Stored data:
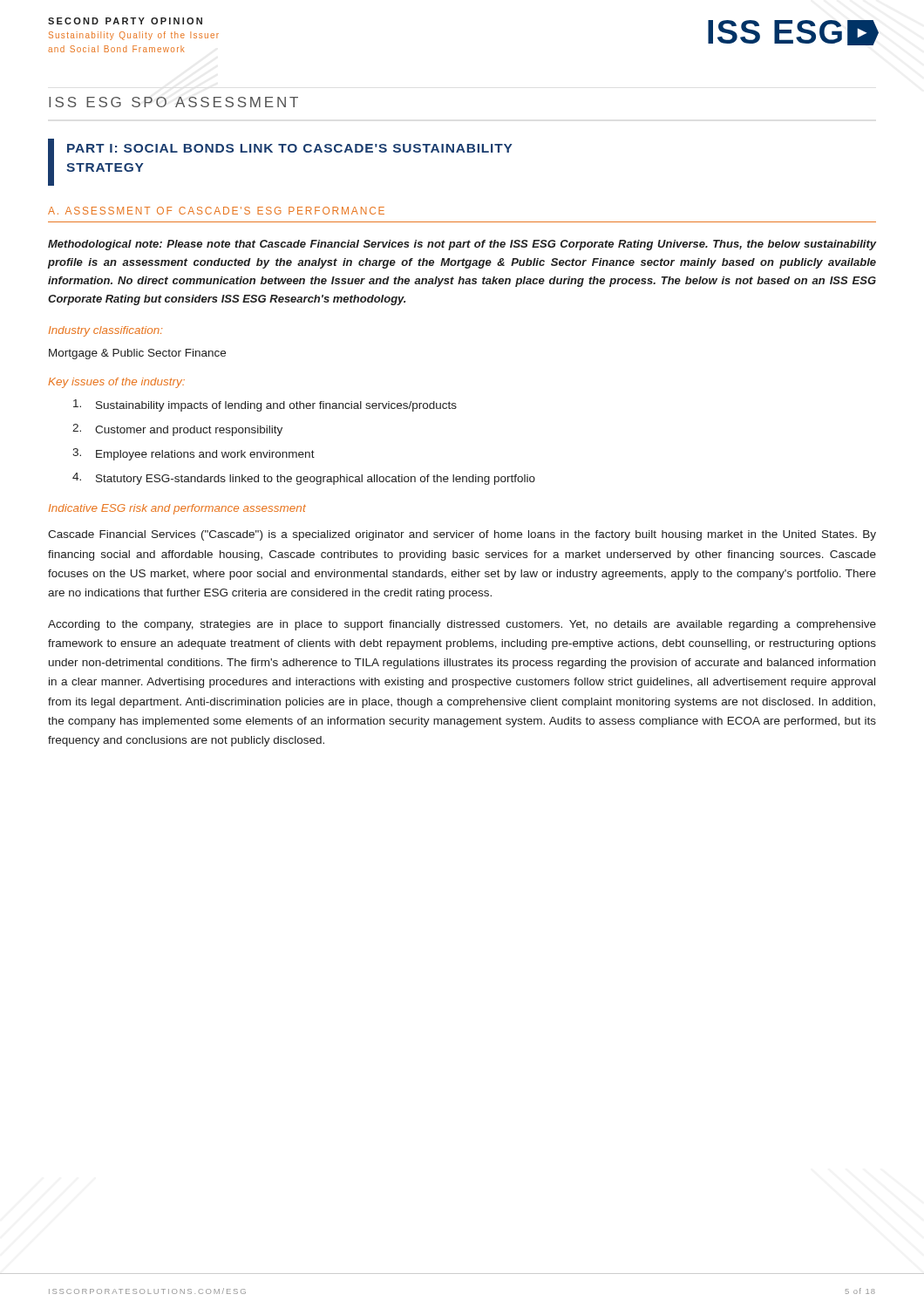Point to "A. ASSESSMENT OF CASCADE'S ESG PERFORMANCE"
924x1308 pixels.
[217, 211]
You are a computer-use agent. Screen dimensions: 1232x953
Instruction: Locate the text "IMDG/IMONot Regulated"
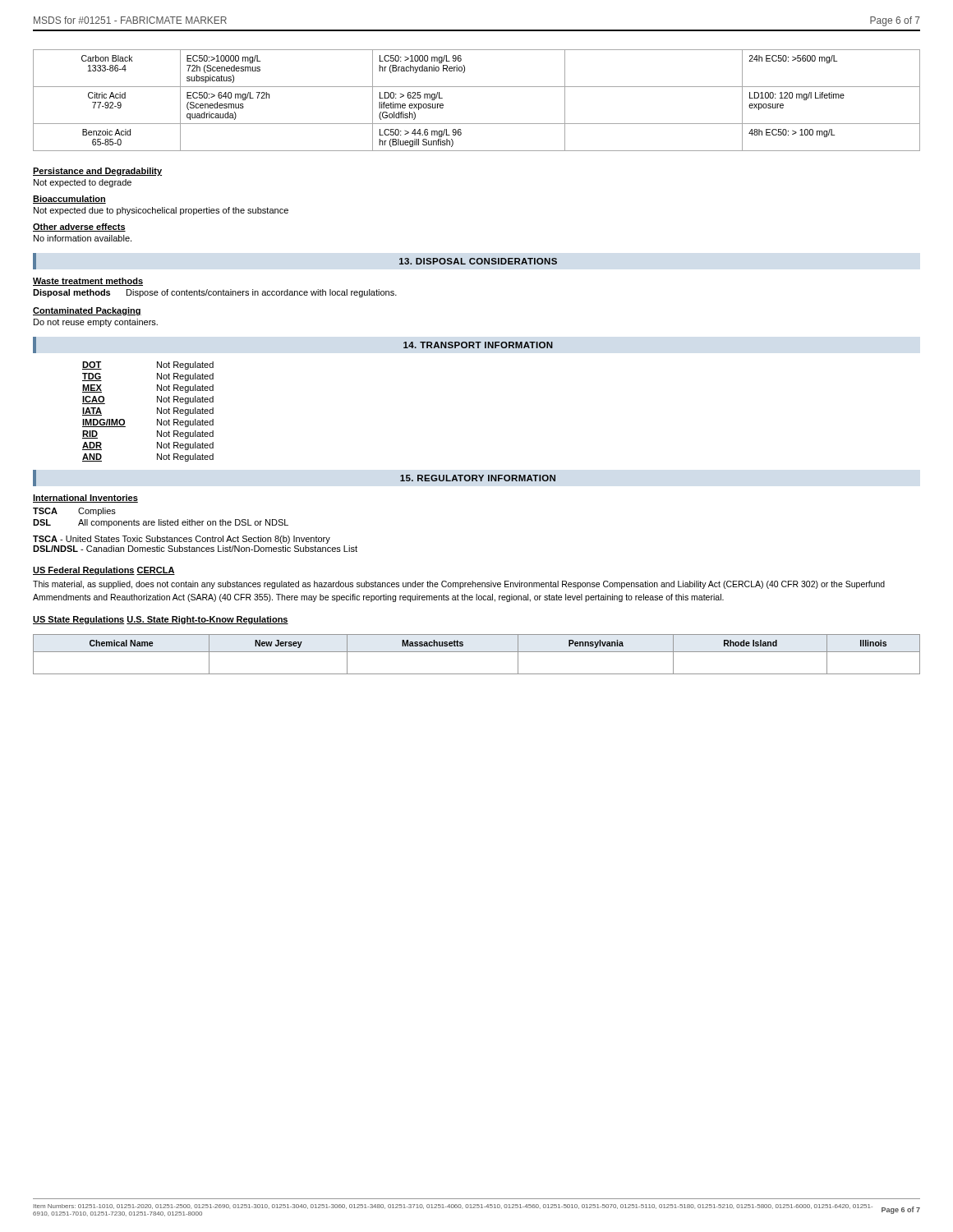click(148, 422)
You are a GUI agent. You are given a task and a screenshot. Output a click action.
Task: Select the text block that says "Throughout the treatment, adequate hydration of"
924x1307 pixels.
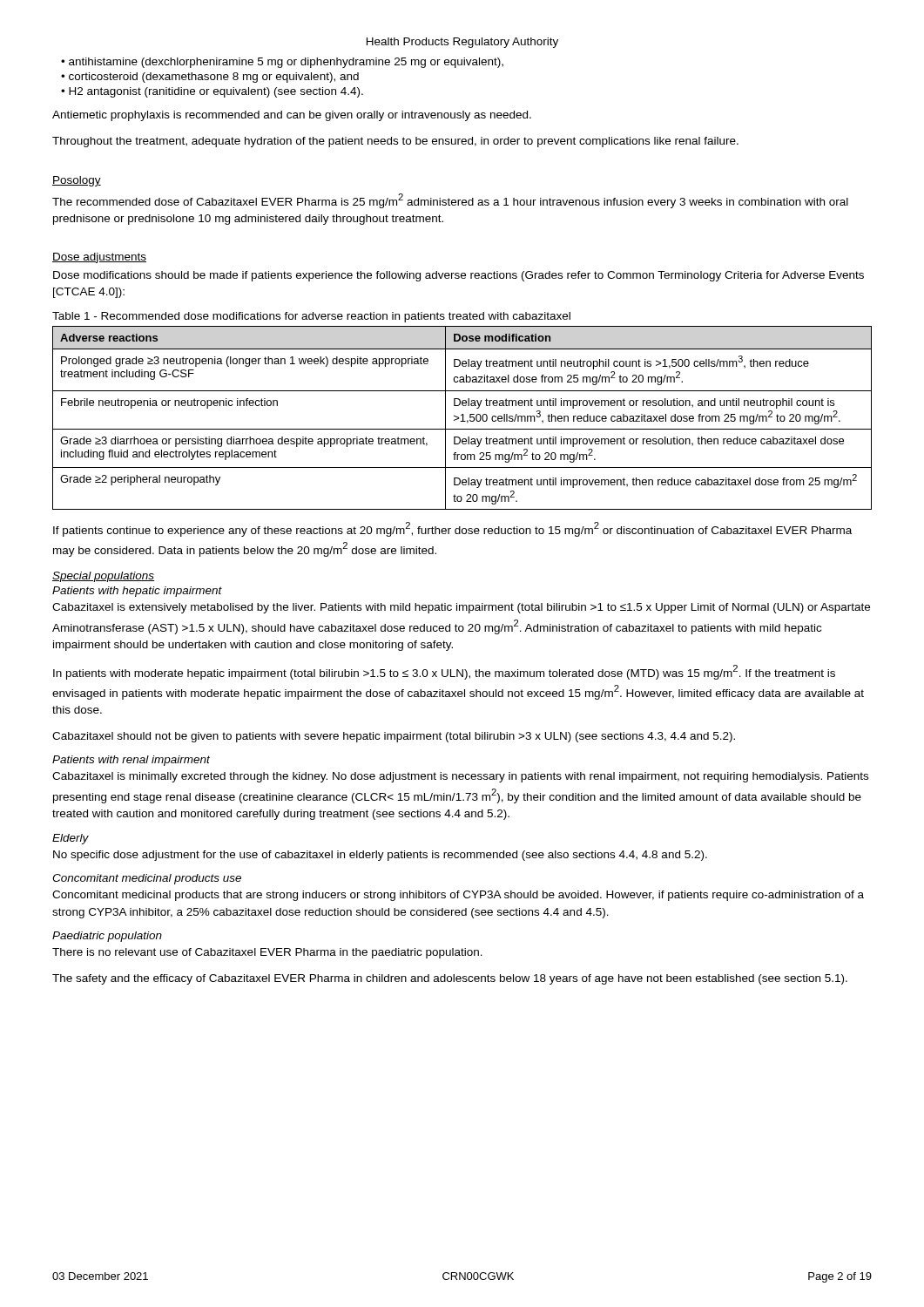(x=396, y=140)

Work instruction: Please copy exactly the lines from the one containing "You are a GUI" through the last line of the records above, both included, and leave out any pictures.

Solution to this task:
You are a GUI agent. You are given a task and a screenshot. Output a click action.
Task: Select the text block that says "Throughout the treatment, adequate hydration of"
924x1307 pixels.
(x=396, y=140)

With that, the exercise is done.